As the answer, give a copy of each line below that includes the word "object".

Start of Input for this task

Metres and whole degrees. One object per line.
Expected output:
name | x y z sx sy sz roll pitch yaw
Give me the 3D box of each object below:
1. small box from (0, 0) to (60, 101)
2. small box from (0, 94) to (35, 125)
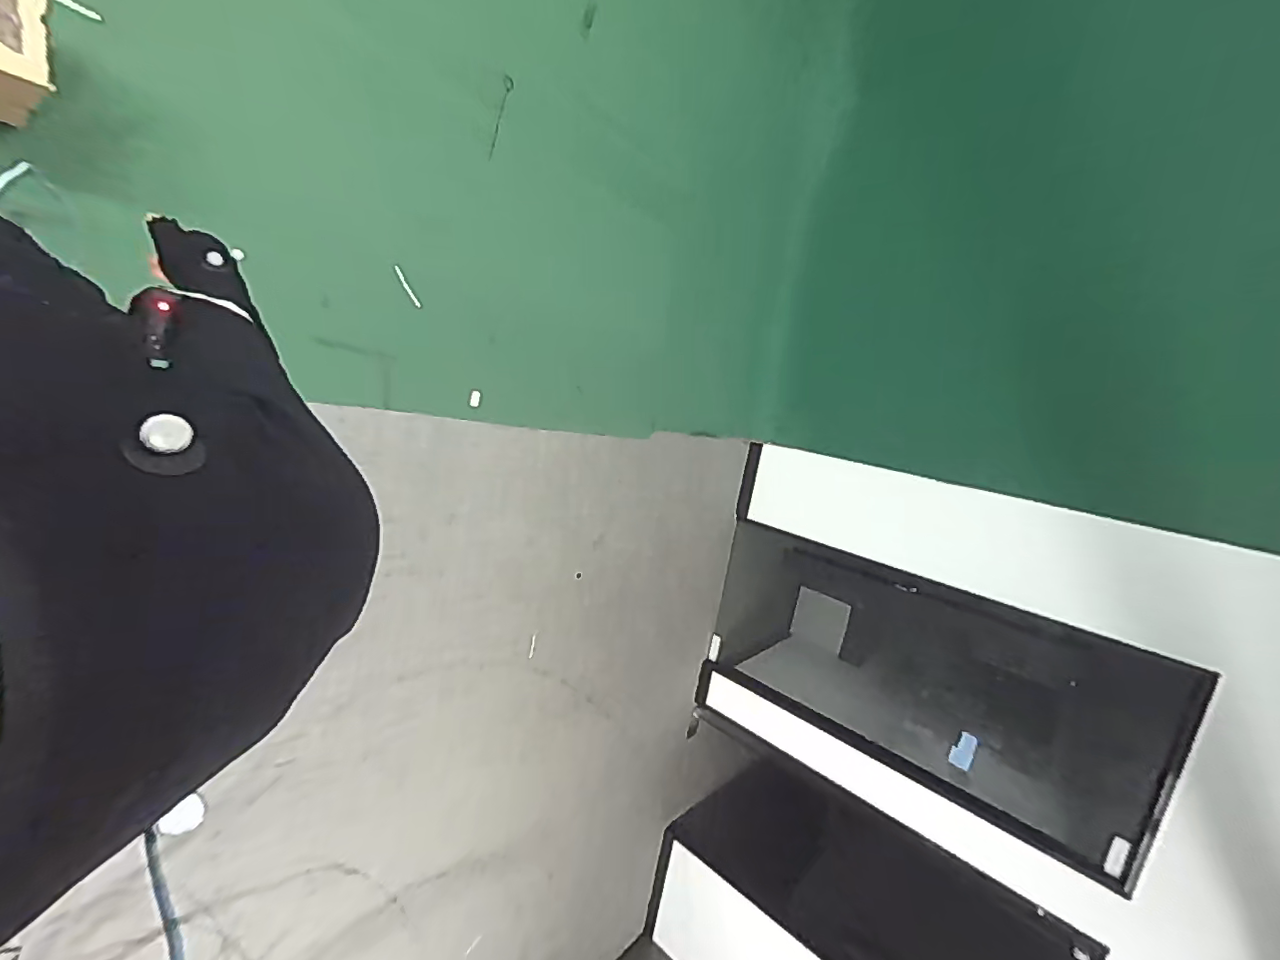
small box | -0.891 -0.630 0.700 0.179 0.176 0.168 4 99 -51
small box | -1.020 -0.667 0.799 0.168 0.176 0.179 1 104 -50

End of Input for this task

### [Result below]
Metres and whole degrees. One object per line.
Give me the 3D box of each object below:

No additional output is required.